Ce ne fut ni l'enfer, ni le paradis rêvé par les communistes. Entre l'Histoire réelle et "l'Histoire" fantasmée, il y a un fossé. Distinguer l'une de l'autre n'est pas évident, comme le montre la guerre froide rétrospective menée dans les réécritures convenues de l'Histoire "du" ou "des" communisme(s)1.

Qu'en ont fait les (post) communistes et leurs alliés et sympathisants après la chute du Mur ?

Bon nombre ont hâtivement "tourné la page", au nom de leur "identité française" ("évoquons Babeuf et Jaurès plutôt que Lénine, et surtout pas Staline"), ou alors "de nouvelles utopies", ou encore d'un alter mondialisme prudemment soustrait à la question de l'alternative au capitalisme, elle aussi discréditée après 1989.
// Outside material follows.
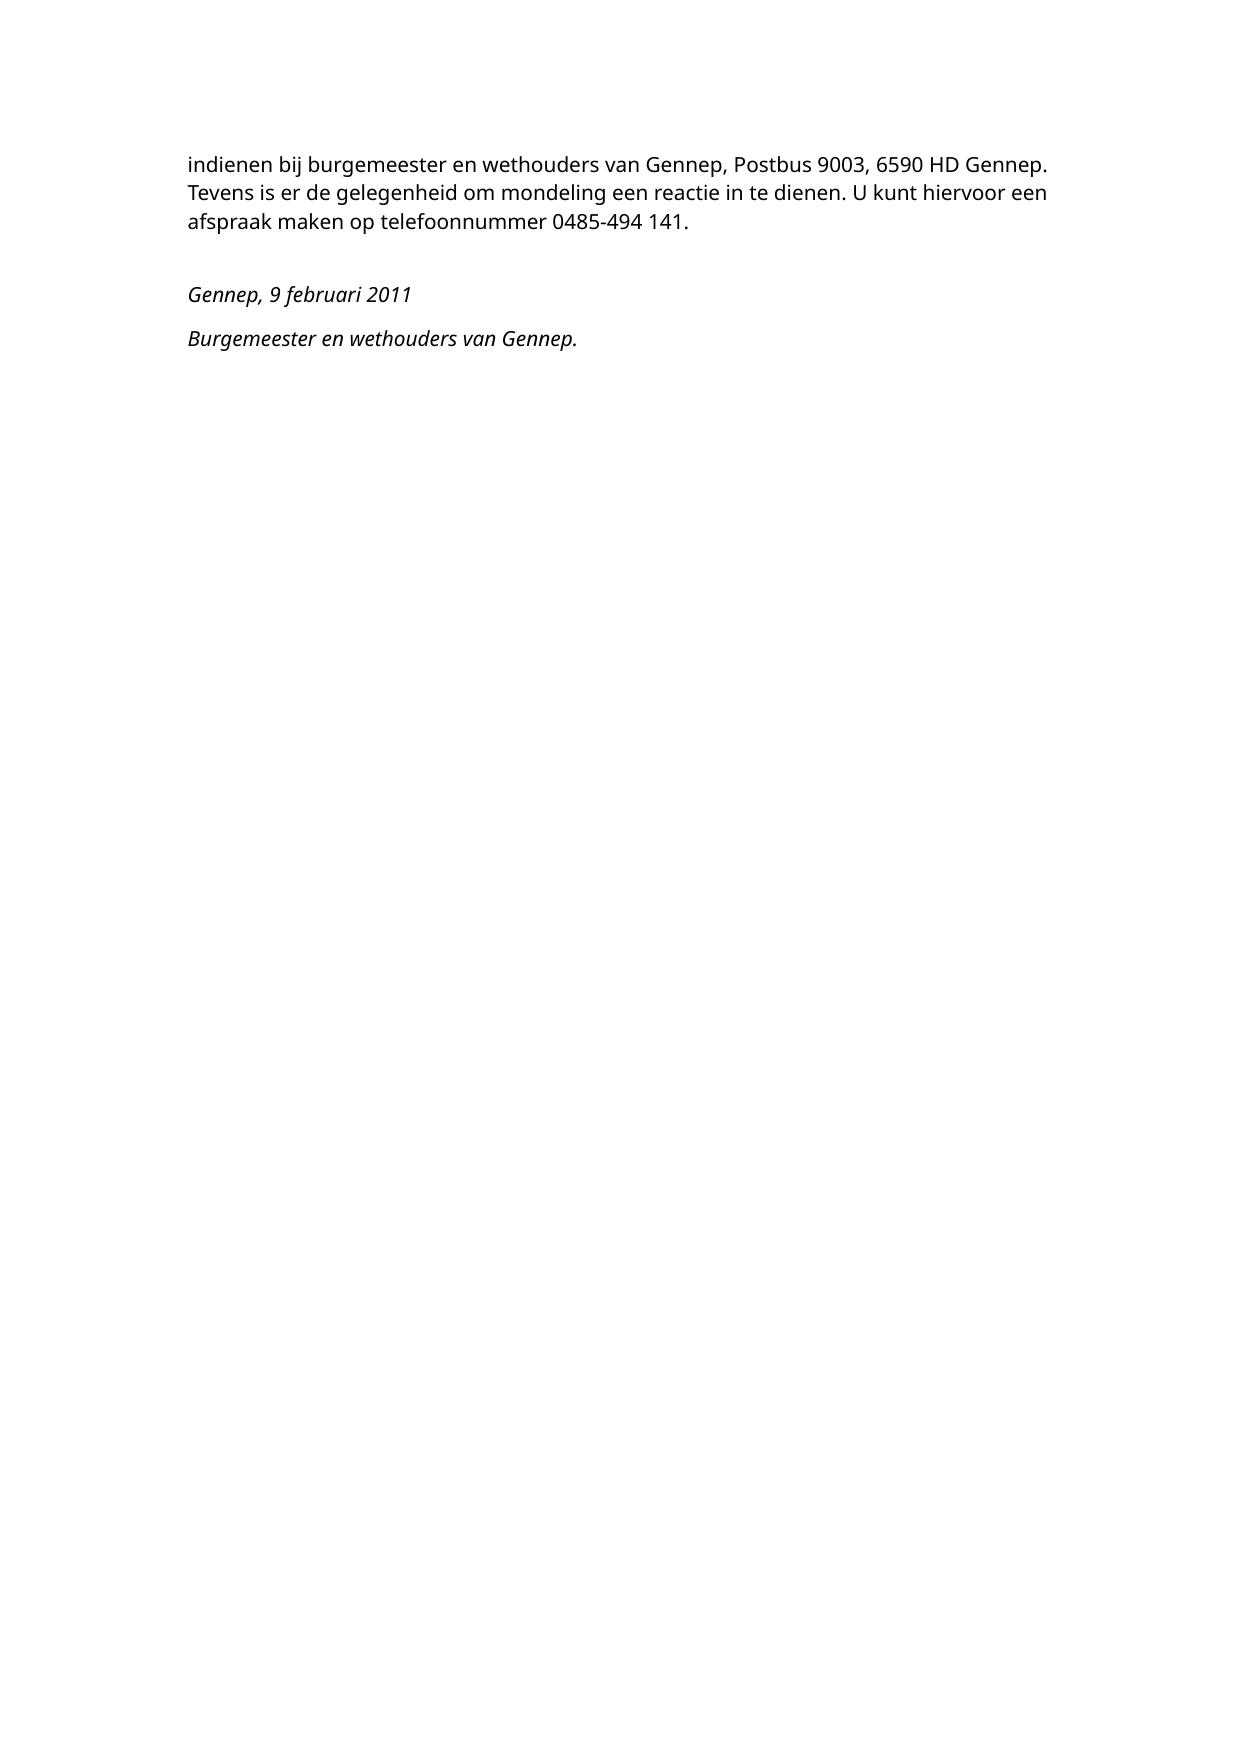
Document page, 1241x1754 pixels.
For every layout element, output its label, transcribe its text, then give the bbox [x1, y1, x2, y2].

D'autres "ex" ont rageusement cassé leurs jouets, renié leurs anciens idéaux, nié toute valeur autre que celles de "contre-exemples" aux héritages communistes et soviétiques. Attitude certes recommandable dans les milieux académiques et journalistiques où les anciens des PC doivent montrer patte blanche. Le reniement peut aller très loin. Face à l'Histoire, jusqu'à occulter le génocide nazi en territoire soviétique et le rôle décisif de l'URSS dans la victoire de 1945. Et dans les choix politiques, jusqu'à la participation aux guerres des Etats-Unis. Les plus politiques des "ex", d'ailleurs, ont choisi l'occasion de la chute du Mur pour radicaliser leur ralliement à la social-démocratie, elle-même dégagée de son réformisme et ralliée au libéralisme social. À l'Est, quantité d'"ex", il est vrai gens de pouvoir et non militants2, sont entrés en affaires et en mafias sans états d'âme.

Il reste bien sûr un "dernier carré" stalinien, accroché aux dogmes et au souvenir du socialisme rêvé, éventuellement accolé aux nationaux souverainistes d'état pour une raison compréhensible : la "chute du communisme" s'accompagne d'une offensive impérialiste contre les états "voyous" ou dérangeants - voir la Yougoslavie, l'Irak, la Géorgie, l'Ukraine etc…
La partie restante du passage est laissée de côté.